Problem details:
If a record holds a picture, omit that picture and copy everything else exactly.

Records supplied:
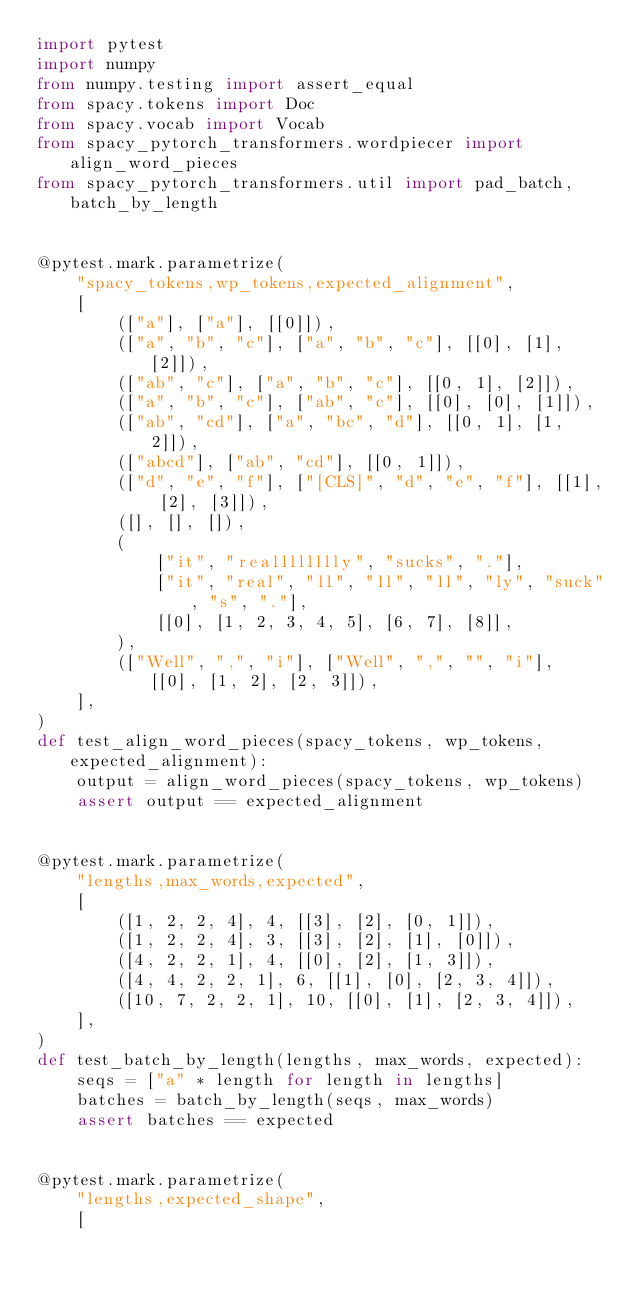<code> <loc_0><loc_0><loc_500><loc_500><_Python_>import pytest
import numpy
from numpy.testing import assert_equal
from spacy.tokens import Doc
from spacy.vocab import Vocab
from spacy_pytorch_transformers.wordpiecer import align_word_pieces
from spacy_pytorch_transformers.util import pad_batch, batch_by_length


@pytest.mark.parametrize(
    "spacy_tokens,wp_tokens,expected_alignment",
    [
        (["a"], ["a"], [[0]]),
        (["a", "b", "c"], ["a", "b", "c"], [[0], [1], [2]]),
        (["ab", "c"], ["a", "b", "c"], [[0, 1], [2]]),
        (["a", "b", "c"], ["ab", "c"], [[0], [0], [1]]),
        (["ab", "cd"], ["a", "bc", "d"], [[0, 1], [1, 2]]),
        (["abcd"], ["ab", "cd"], [[0, 1]]),
        (["d", "e", "f"], ["[CLS]", "d", "e", "f"], [[1], [2], [3]]),
        ([], [], []),
        (
            ["it", "realllllllly", "sucks", "."],
            ["it", "real", "ll", "ll", "ll", "ly", "suck", "s", "."],
            [[0], [1, 2, 3, 4, 5], [6, 7], [8]],
        ),
        (["Well", ",", "i"], ["Well", ",", "", "i"], [[0], [1, 2], [2, 3]]),
    ],
)
def test_align_word_pieces(spacy_tokens, wp_tokens, expected_alignment):
    output = align_word_pieces(spacy_tokens, wp_tokens)
    assert output == expected_alignment


@pytest.mark.parametrize(
    "lengths,max_words,expected",
    [
        ([1, 2, 2, 4], 4, [[3], [2], [0, 1]]),
        ([1, 2, 2, 4], 3, [[3], [2], [1], [0]]),
        ([4, 2, 2, 1], 4, [[0], [2], [1, 3]]),
        ([4, 4, 2, 2, 1], 6, [[1], [0], [2, 3, 4]]),
        ([10, 7, 2, 2, 1], 10, [[0], [1], [2, 3, 4]]),
    ],
)
def test_batch_by_length(lengths, max_words, expected):
    seqs = ["a" * length for length in lengths]
    batches = batch_by_length(seqs, max_words)
    assert batches == expected


@pytest.mark.parametrize(
    "lengths,expected_shape",
    [</code> 
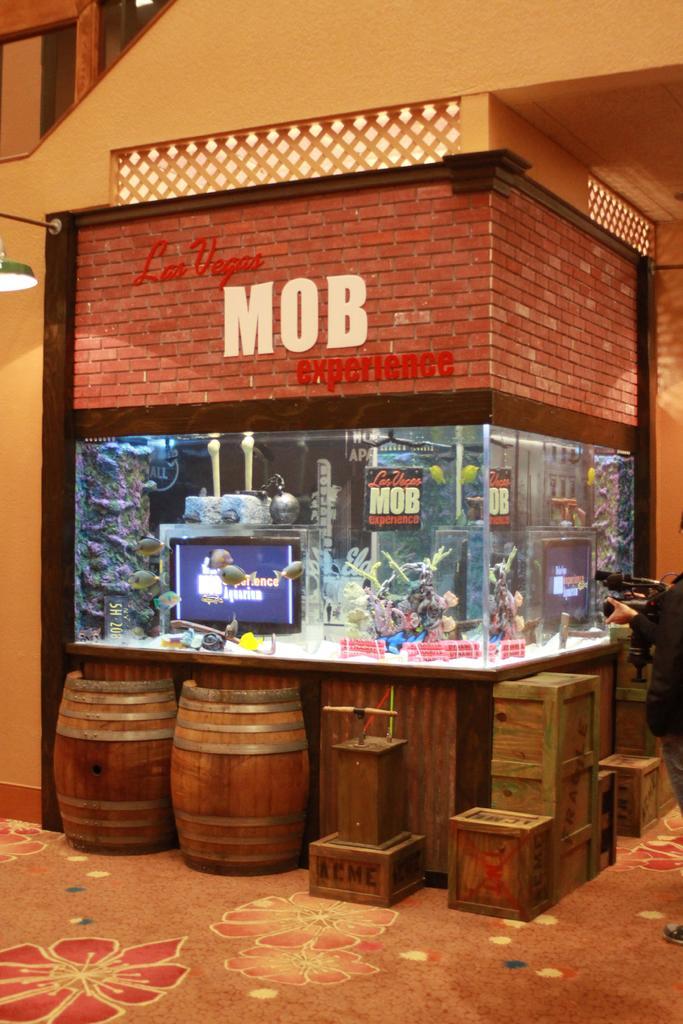In one or two sentences, can you explain what this image depicts? In this image I can see a building , in front of the building I can see boxes and drums kept on the floor.. 
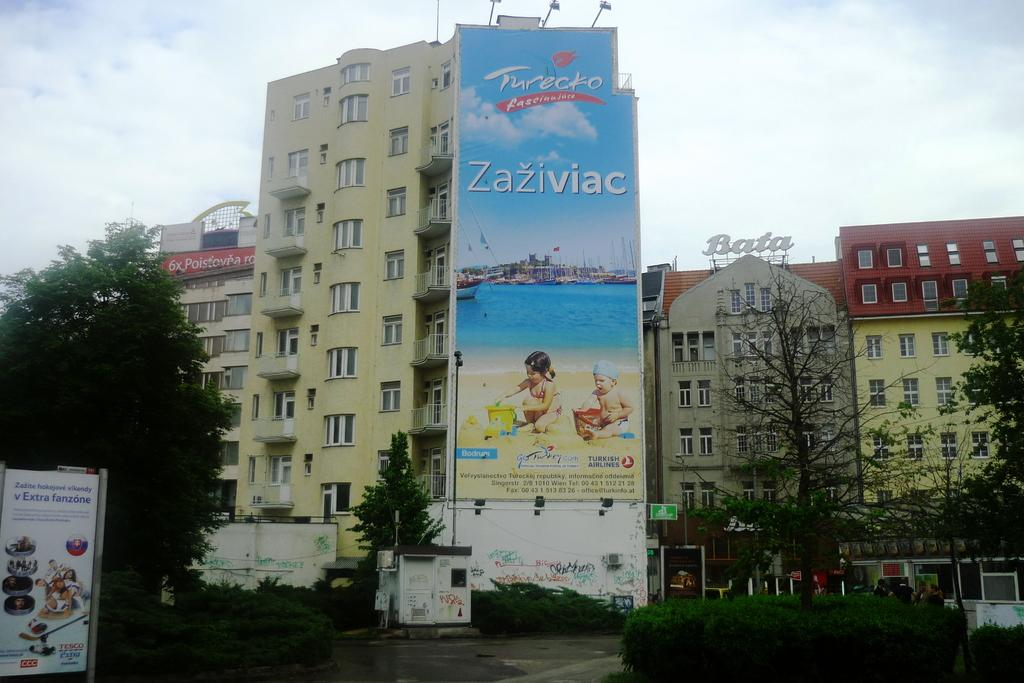<image>
Relay a brief, clear account of the picture shown. big buidling with a sign on the outside called zaziviac

Response box:
<code> <loc_0><loc_0><loc_500><loc_500><_Python_>import pytest
import numpy
from numpy.testing import assert_equal
from spacy.tokens import Doc
from spacy.vocab import Vocab
from spacy_pytorch_transformers.wordpiecer import align_word_pieces
from spacy_pytorch_transformers.util import pad_batch, batch_by_length


@pytest.mark.parametrize(
    "spacy_tokens,wp_tokens,expected_alignment",
    [
        (["a"], ["a"], [[0]]),
        (["a", "b", "c"], ["a", "b", "c"], [[0], [1], [2]]),
        (["ab", "c"], ["a", "b", "c"], [[0, 1], [2]]),
        (["a", "b", "c"], ["ab", "c"], [[0], [0], [1]]),
        (["ab", "cd"], ["a", "bc", "d"], [[0, 1], [1, 2]]),
        (["abcd"], ["ab", "cd"], [[0, 1]]),
        (["d", "e", "f"], ["[CLS]", "d", "e", "f"], [[1], [2], [3]]),
        ([], [], []),
        (
            ["it", "realllllllly", "sucks", "."],
            ["it", "real", "ll", "ll", "ll", "ly", "suck", "s", "."],
            [[0], [1, 2, 3, 4, 5], [6, 7], [8]],
        ),
        (["Well", ",", "i"], ["Well", ",", "", "i"], [[0], [1, 2], [2, 3]]),
    ],
)
def test_align_word_pieces(spacy_tokens, wp_tokens, expected_alignment):
    output = align_word_pieces(spacy_tokens, wp_tokens)
    assert output == expected_alignment


@pytest.mark.parametrize(
    "lengths,max_words,expected",
    [
        ([1, 2, 2, 4], 4, [[3], [2], [0, 1]]),
        ([1, 2, 2, 4], 3, [[3], [2], [1], [0]]),
        ([4, 2, 2, 1], 4, [[0], [2], [1, 3]]),
        ([4, 4, 2, 2, 1], 6, [[1], [0], [2, 3, 4]]),
        ([10, 7, 2, 2, 1], 10, [[0], [1], [2, 3, 4]]),
    ],
)
def test_batch_by_length(lengths, max_words, expected):
    seqs = ["a" * length for length in lengths]
    batches = batch_by_length(seqs, max_words)
    assert batches == expected


@pytest.mark.parametrize(
    "lengths,expected_shape",
    [</code> 
In one or two sentences, can you explain what this image depicts? In this image I can see a building , in front of the building I can see boxes and drums kept on the floor.. 
<image>
Relay a brief, clear account of the picture shown. big buidling with a sign on the outside called zaziviac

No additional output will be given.